Stored records:
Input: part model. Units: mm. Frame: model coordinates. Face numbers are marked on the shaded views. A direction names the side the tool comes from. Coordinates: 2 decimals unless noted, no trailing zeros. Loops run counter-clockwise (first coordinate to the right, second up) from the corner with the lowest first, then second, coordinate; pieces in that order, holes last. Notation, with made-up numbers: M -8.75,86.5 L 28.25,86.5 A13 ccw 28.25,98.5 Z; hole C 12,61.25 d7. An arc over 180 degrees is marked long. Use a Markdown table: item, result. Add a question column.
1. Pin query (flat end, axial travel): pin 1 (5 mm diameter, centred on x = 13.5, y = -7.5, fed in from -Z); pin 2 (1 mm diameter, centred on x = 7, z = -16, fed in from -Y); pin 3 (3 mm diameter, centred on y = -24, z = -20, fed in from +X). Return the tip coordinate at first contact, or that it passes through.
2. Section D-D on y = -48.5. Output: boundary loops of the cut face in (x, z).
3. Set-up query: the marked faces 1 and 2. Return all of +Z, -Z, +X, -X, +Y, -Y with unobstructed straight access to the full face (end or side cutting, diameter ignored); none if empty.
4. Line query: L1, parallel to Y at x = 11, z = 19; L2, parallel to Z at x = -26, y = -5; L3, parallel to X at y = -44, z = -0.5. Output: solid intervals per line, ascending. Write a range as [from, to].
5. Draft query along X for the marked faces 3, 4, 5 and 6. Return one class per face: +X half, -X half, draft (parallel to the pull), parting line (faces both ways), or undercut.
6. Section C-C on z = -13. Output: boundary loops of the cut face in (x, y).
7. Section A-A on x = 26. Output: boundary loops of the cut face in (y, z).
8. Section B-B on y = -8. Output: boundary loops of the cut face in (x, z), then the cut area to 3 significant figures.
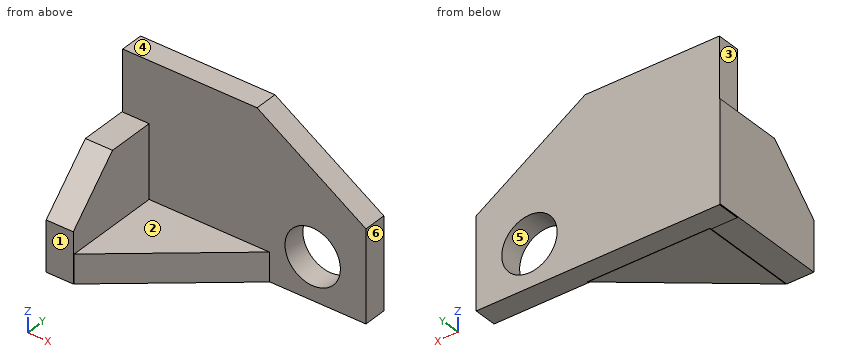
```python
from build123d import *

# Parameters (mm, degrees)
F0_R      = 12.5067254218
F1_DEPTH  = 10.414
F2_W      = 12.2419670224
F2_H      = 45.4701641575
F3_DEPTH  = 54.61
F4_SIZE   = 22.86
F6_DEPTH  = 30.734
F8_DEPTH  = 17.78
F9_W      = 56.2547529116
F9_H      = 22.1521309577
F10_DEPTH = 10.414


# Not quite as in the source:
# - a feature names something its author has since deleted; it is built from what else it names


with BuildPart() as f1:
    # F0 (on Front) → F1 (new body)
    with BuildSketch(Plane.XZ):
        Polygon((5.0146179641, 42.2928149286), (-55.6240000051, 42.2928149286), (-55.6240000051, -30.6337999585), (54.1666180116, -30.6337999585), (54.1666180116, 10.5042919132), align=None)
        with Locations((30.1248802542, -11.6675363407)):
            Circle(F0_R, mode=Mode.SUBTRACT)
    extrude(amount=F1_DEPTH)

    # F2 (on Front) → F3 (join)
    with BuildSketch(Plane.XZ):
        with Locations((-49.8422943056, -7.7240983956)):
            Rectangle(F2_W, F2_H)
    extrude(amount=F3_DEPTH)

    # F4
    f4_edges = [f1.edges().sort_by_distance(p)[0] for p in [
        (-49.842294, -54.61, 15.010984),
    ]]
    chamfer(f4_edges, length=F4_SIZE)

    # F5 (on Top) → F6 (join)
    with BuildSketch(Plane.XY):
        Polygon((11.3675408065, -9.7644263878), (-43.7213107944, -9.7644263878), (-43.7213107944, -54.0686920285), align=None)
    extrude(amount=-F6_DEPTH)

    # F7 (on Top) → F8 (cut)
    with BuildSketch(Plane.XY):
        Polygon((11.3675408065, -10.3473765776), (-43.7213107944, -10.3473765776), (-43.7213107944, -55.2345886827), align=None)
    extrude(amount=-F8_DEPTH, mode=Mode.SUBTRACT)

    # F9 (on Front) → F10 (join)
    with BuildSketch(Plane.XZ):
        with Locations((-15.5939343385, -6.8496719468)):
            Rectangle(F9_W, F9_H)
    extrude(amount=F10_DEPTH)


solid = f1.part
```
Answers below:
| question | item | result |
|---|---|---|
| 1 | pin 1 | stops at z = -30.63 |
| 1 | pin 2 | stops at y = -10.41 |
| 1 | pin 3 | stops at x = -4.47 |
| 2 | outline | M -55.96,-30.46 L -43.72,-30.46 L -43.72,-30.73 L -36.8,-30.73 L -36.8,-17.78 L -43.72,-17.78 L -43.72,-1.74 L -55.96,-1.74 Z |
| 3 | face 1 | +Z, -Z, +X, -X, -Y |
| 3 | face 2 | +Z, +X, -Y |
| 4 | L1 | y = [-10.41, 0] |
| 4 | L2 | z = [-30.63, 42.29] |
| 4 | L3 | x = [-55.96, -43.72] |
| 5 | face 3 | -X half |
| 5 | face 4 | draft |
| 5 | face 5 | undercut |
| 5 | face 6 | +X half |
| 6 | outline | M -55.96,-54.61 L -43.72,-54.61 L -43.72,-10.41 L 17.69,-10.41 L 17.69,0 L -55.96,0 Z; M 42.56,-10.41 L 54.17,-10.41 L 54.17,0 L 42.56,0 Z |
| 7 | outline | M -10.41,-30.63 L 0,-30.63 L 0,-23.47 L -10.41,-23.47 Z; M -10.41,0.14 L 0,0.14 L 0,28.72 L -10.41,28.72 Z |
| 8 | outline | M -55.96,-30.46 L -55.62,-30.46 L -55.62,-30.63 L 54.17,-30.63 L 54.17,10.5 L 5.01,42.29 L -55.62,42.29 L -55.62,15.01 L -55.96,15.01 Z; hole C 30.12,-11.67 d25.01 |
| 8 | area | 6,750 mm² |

→ **Task instructions**
Retype every entry above exactly, leaving out the pictures.

→ **Your solution**
Input: part model. Units: mm. Frame: model coordinates. Face numbers are marked on the shaded views. A direction names the side the tool comes from. Coordinates: 2 decimals unless noted, no trailing zeros. Loops run counter-clockwise (first coordinate to the right, second up) from the corner with the lowest first, then second, coordinate; pieces in that order, holes last. Notation, with made-up numbers: M -8.75,86.5 L 28.25,86.5 A13 ccw 28.25,98.5 Z; hole C 12,61.25 d7. An arc over 180 degrees is marked long. Use a Markdown table: item, result. Add a question column.
1. Pin query (flat end, axial travel): pin 1 (5 mm diameter, centred on x = 13.5, y = -7.5, fed in from -Z); pin 2 (1 mm diameter, centred on x = 7, z = -16, fed in from -Y); pin 3 (3 mm diameter, centred on y = -24, z = -20, fed in from +X). Return the tip coordinate at first contact, or that it passes through.
2. Section D-D on y = -48.5. Output: boundary loops of the cut face in (x, z).
3. Set-up query: the marked faces 1 and 2. Return all of +Z, -Z, +X, -X, +Y, -Y with unobstructed straight access to the full face (end or side cutting, diameter ignored); none if empty.
4. Line query: L1, parallel to Y at x = 11, z = 19; L2, parallel to Z at x = -26, y = -5; L3, parallel to X at y = -44, z = -0.5. Output: solid intervals per line, ascending. Write a range as [from, to].
5. Draft query along X for the marked faces 3, 4, 5 and 6. Return one class per face: +X half, -X half, draft (parallel to the pull), parting line (faces both ways), or undercut.
6. Section C-C on z = -13. Output: boundary loops of the cut face in (x, y).
7. Section A-A on x = 26. Output: boundary loops of the cut face in (y, z).
8. Section B-B on y = -8. Output: boundary loops of the cut face in (x, z), then the cut area to 3 significant figures.
```python
from build123d import *

# Parameters (mm, degrees)
F0_R      = 12.5067254218
F1_DEPTH  = 10.414
F2_W      = 12.2419670224
F2_H      = 45.4701641575
F3_DEPTH  = 54.61
F4_SIZE   = 22.86
F6_DEPTH  = 30.734
F8_DEPTH  = 17.78
F9_W      = 56.2547529116
F9_H      = 22.1521309577
F10_DEPTH = 10.414


# Not quite as in the source:
# - a feature names something its author has since deleted; it is built from what else it names


with BuildPart() as f1:
    # F0 (on Front) → F1 (new body)
    with BuildSketch(Plane.XZ):
        Polygon((5.0146179641, 42.2928149286), (-55.6240000051, 42.2928149286), (-55.6240000051, -30.6337999585), (54.1666180116, -30.6337999585), (54.1666180116, 10.5042919132), align=None)
        with Locations((30.1248802542, -11.6675363407)):
            Circle(F0_R, mode=Mode.SUBTRACT)
    extrude(amount=F1_DEPTH)

    # F2 (on Front) → F3 (join)
    with BuildSketch(Plane.XZ):
        with Locations((-49.8422943056, -7.7240983956)):
            Rectangle(F2_W, F2_H)
    extrude(amount=F3_DEPTH)

    # F4
    f4_edges = [f1.edges().sort_by_distance(p)[0] for p in [
        (-49.842294, -54.61, 15.010984),
    ]]
    chamfer(f4_edges, length=F4_SIZE)

    # F5 (on Top) → F6 (join)
    with BuildSketch(Plane.XY):
        Polygon((11.3675408065, -9.7644263878), (-43.7213107944, -9.7644263878), (-43.7213107944, -54.0686920285), align=None)
    extrude(amount=-F6_DEPTH)

    # F7 (on Top) → F8 (cut)
    with BuildSketch(Plane.XY):
        Polygon((11.3675408065, -10.3473765776), (-43.7213107944, -10.3473765776), (-43.7213107944, -55.2345886827), align=None)
    extrude(amount=-F8_DEPTH, mode=Mode.SUBTRACT)

    # F9 (on Front) → F10 (join)
    with BuildSketch(Plane.XZ):
        with Locations((-15.5939343385, -6.8496719468)):
            Rectangle(F9_W, F9_H)
    extrude(amount=F10_DEPTH)


solid = f1.part
```
Answers below:
| question | item | result |
|---|---|---|
| 1 | pin 1 | stops at z = -30.63 |
| 1 | pin 2 | stops at y = -10.41 |
| 1 | pin 3 | stops at x = -4.47 |
| 2 | outline | M -55.96,-30.46 L -43.72,-30.46 L -43.72,-30.73 L -36.8,-30.73 L -36.8,-17.78 L -43.72,-17.78 L -43.72,-1.74 L -55.96,-1.74 Z |
| 3 | face 1 | +Z, -Z, +X, -X, -Y |
| 3 | face 2 | +Z, +X, -Y |
| 4 | L1 | y = [-10.41, 0] |
| 4 | L2 | z = [-30.63, 42.29] |
| 4 | L3 | x = [-55.96, -43.72] |
| 5 | face 3 | -X half |
| 5 | face 4 | draft |
| 5 | face 5 | undercut |
| 5 | face 6 | +X half |
| 6 | outline | M -55.96,-54.61 L -43.72,-54.61 L -43.72,-10.41 L 17.69,-10.41 L 17.69,0 L -55.96,0 Z; M 42.56,-10.41 L 54.17,-10.41 L 54.17,0 L 42.56,0 Z |
| 7 | outline | M -10.41,-30.63 L 0,-30.63 L 0,-23.47 L -10.41,-23.47 Z; M -10.41,0.14 L 0,0.14 L 0,28.72 L -10.41,28.72 Z |
| 8 | outline | M -55.96,-30.46 L -55.62,-30.46 L -55.62,-30.63 L 54.17,-30.63 L 54.17,10.5 L 5.01,42.29 L -55.62,42.29 L -55.62,15.01 L -55.96,15.01 Z; hole C 30.12,-11.67 d25.01 |
| 8 | area | 6,750 mm² |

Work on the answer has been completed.